**EXERCISE:** Output only the lines below from the one containing "plane through (0, 0, 0)" to the one containing "line L4 (-48.1725, 17.0318)", exactly as written, both ends kept.

**RECORDS:**
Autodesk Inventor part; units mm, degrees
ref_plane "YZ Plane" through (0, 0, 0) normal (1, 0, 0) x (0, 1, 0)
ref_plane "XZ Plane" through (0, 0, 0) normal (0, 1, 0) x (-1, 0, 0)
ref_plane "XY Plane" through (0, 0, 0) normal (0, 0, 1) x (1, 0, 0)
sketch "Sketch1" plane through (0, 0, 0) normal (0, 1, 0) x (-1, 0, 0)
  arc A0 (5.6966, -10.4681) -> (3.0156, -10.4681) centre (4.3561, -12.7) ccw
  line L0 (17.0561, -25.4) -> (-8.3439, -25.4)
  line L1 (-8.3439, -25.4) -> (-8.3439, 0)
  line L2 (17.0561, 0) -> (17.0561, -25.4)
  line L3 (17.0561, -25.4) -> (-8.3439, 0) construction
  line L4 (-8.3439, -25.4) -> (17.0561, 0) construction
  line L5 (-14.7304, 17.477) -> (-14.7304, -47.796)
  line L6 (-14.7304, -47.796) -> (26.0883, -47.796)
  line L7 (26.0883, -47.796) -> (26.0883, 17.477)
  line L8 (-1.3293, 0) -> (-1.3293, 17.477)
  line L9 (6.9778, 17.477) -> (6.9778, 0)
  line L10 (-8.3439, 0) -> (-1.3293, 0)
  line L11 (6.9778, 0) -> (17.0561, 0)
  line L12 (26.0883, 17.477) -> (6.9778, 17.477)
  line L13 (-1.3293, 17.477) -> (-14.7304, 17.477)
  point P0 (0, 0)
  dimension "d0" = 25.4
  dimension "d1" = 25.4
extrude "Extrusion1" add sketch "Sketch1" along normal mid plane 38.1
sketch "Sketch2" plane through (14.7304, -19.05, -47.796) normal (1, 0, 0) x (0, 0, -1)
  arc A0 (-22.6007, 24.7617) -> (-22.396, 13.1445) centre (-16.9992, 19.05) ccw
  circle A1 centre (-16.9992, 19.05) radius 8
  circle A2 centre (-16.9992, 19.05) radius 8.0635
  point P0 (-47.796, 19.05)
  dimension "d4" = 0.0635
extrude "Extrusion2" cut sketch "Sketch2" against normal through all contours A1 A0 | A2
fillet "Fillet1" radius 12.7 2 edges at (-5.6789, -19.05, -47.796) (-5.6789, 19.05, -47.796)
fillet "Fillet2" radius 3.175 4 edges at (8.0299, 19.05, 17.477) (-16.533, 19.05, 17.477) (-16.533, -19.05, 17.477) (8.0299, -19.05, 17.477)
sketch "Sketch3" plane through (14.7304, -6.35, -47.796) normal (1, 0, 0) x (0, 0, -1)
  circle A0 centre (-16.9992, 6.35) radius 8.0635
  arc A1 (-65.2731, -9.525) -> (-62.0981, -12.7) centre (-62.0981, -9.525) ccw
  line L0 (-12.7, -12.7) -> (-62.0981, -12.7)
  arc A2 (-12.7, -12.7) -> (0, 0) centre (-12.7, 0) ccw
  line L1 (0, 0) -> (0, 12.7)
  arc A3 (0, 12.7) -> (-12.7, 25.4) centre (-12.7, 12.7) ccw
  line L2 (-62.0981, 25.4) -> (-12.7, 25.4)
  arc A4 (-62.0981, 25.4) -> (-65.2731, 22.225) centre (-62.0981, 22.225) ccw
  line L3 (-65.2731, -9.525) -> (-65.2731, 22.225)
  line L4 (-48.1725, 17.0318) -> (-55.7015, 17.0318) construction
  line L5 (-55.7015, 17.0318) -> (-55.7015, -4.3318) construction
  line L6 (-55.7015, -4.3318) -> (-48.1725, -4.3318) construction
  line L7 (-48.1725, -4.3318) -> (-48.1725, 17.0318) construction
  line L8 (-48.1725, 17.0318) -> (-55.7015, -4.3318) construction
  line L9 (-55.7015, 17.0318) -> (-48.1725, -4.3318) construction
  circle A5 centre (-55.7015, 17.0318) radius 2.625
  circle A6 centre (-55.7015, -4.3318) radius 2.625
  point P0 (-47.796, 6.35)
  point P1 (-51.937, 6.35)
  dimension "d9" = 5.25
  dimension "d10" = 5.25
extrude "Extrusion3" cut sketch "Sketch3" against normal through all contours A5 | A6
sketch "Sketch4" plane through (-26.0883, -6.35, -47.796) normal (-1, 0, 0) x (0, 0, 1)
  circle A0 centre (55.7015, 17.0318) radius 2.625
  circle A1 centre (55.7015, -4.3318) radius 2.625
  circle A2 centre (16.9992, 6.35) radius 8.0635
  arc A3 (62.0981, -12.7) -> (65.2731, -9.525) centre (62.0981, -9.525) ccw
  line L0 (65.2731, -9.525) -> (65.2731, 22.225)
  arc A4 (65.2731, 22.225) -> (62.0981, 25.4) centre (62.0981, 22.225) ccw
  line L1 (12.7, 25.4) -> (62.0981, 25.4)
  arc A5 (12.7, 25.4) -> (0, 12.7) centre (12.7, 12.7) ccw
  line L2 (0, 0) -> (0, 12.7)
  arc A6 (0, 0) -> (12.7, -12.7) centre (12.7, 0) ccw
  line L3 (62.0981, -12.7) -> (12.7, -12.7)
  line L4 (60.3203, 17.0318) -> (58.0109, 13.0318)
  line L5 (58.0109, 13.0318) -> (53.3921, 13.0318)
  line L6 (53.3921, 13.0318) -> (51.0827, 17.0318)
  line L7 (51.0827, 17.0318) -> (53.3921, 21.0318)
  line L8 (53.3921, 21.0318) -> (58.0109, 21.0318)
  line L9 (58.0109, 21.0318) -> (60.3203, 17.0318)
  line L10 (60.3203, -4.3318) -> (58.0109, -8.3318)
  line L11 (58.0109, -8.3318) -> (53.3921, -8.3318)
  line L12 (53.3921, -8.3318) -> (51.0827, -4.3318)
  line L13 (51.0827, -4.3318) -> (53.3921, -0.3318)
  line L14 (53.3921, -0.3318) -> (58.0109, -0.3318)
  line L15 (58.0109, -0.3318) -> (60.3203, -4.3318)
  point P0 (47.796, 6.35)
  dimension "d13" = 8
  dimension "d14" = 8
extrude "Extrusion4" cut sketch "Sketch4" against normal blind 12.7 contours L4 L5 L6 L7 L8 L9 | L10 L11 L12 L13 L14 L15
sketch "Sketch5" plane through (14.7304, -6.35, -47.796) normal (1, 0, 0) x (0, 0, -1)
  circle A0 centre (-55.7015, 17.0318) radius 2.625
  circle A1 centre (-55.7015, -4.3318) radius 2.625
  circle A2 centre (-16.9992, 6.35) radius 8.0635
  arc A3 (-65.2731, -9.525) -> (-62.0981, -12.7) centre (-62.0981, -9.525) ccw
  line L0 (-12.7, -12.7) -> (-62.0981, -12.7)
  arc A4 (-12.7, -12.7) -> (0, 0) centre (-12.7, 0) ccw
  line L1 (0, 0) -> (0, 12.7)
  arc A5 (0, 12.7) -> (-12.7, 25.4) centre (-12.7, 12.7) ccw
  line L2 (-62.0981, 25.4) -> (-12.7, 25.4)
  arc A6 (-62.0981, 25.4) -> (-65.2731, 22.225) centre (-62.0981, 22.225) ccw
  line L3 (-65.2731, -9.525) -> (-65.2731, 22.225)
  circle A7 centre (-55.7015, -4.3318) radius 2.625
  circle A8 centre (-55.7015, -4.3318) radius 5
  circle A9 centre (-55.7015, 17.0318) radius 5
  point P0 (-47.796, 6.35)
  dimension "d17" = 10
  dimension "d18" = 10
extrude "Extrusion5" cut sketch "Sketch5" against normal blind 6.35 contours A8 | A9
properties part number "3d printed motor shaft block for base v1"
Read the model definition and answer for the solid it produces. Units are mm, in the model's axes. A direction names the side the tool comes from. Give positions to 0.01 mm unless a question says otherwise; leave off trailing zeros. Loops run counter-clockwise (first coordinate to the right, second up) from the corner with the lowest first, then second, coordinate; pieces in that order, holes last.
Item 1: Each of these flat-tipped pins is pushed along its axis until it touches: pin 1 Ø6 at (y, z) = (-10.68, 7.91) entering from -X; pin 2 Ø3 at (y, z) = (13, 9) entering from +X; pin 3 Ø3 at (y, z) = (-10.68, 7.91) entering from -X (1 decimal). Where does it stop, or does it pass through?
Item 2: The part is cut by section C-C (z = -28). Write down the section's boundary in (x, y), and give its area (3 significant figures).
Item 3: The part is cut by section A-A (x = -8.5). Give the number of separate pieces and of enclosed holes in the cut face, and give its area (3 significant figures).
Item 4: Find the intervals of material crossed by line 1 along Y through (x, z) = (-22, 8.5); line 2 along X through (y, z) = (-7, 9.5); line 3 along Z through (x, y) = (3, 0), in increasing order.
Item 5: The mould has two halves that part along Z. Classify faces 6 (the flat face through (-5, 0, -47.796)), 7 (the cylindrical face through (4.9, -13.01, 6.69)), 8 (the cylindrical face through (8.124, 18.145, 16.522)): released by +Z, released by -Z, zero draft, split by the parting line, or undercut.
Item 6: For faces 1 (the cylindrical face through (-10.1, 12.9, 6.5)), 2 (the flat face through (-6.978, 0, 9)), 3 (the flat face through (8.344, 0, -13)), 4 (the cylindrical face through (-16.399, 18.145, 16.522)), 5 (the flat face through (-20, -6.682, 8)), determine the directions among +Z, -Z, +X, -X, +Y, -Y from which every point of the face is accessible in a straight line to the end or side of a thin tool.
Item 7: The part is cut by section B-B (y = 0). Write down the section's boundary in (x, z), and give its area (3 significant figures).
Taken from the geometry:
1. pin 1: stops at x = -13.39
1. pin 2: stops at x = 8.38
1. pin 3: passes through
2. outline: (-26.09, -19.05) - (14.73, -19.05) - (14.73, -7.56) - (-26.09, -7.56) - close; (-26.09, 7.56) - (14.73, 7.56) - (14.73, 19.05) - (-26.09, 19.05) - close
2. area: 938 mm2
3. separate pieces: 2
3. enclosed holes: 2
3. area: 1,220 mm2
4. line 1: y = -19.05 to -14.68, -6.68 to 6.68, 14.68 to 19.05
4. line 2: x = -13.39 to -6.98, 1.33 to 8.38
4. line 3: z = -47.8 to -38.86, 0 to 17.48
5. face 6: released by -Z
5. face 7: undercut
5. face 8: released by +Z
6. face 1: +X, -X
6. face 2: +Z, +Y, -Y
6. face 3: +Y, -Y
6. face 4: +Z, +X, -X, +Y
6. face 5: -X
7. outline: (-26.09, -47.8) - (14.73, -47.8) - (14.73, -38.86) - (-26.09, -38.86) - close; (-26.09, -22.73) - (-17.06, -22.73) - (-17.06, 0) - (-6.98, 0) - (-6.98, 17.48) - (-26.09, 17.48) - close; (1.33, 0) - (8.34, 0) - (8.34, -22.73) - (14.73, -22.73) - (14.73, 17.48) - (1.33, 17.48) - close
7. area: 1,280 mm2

**WRITTEN ANSWER:**
sketch "Sketch1" plane through (0, 0, 0) normal (0, 1, 0) x (-1, 0, 0)
  arc A0 (5.6966, -10.4681) -> (3.0156, -10.4681) centre (4.3561, -12.7) ccw
  line L0 (17.0561, -25.4) -> (-8.3439, -25.4)
  line L1 (-8.3439, -25.4) -> (-8.3439, 0)
  line L2 (17.0561, 0) -> (17.0561, -25.4)
  line L3 (17.0561, -25.4) -> (-8.3439, 0) construction
  line L4 (-8.3439, -25.4) -> (17.0561, 0) construction
  line L5 (-14.7304, 17.477) -> (-14.7304, -47.796)
  line L6 (-14.7304, -47.796) -> (26.0883, -47.796)
  line L7 (26.0883, -47.796) -> (26.0883, 17.477)
  line L8 (-1.3293, 0) -> (-1.3293, 17.477)
  line L9 (6.9778, 17.477) -> (6.9778, 0)
  line L10 (-8.3439, 0) -> (-1.3293, 0)
  line L11 (6.9778, 0) -> (17.0561, 0)
  line L12 (26.0883, 17.477) -> (6.9778, 17.477)
  line L13 (-1.3293, 17.477) -> (-14.7304, 17.477)
  point P0 (0, 0)
  dimension "d0" = 25.4
  dimension "d1" = 25.4
extrude "Extrusion1" add sketch "Sketch1" along normal mid plane 38.1
sketch "Sketch2" plane through (14.7304, -19.05, -47.796) normal (1, 0, 0) x (0, 0, -1)
  arc A0 (-22.6007, 24.7617) -> (-22.396, 13.1445) centre (-16.9992, 19.05) ccw
  circle A1 centre (-16.9992, 19.05) radius 8
  circle A2 centre (-16.9992, 19.05) radius 8.0635
  point P0 (-47.796, 19.05)
  dimension "d4" = 0.0635
extrude "Extrusion2" cut sketch "Sketch2" against normal through all contours A1 A0 | A2
fillet "Fillet1" radius 12.7 2 edges at (-5.6789, -19.05, -47.796) (-5.6789, 19.05, -47.796)
fillet "Fillet2" radius 3.175 4 edges at (8.0299, 19.05, 17.477) (-16.533, 19.05, 17.477) (-16.533, -19.05, 17.477) (8.0299, -19.05, 17.477)
sketch "Sketch3" plane through (14.7304, -6.35, -47.796) normal (1, 0, 0) x (0, 0, -1)
  circle A0 centre (-16.9992, 6.35) radius 8.0635
  arc A1 (-65.2731, -9.525) -> (-62.0981, -12.7) centre (-62.0981, -9.525) ccw
  line L0 (-12.7, -12.7) -> (-62.0981, -12.7)
  arc A2 (-12.7, -12.7) -> (0, 0) centre (-12.7, 0) ccw
  line L1 (0, 0) -> (0, 12.7)
  arc A3 (0, 12.7) -> (-12.7, 25.4) centre (-12.7, 12.7) ccw
  line L2 (-62.0981, 25.4) -> (-12.7, 25.4)
  arc A4 (-62.0981, 25.4) -> (-65.2731, 22.225) centre (-62.0981, 22.225) ccw
  line L3 (-65.2731, -9.525) -> (-65.2731, 22.225)
  line L4 (-48.1725, 17.0318) -> (-55.7015, 17.0318) construction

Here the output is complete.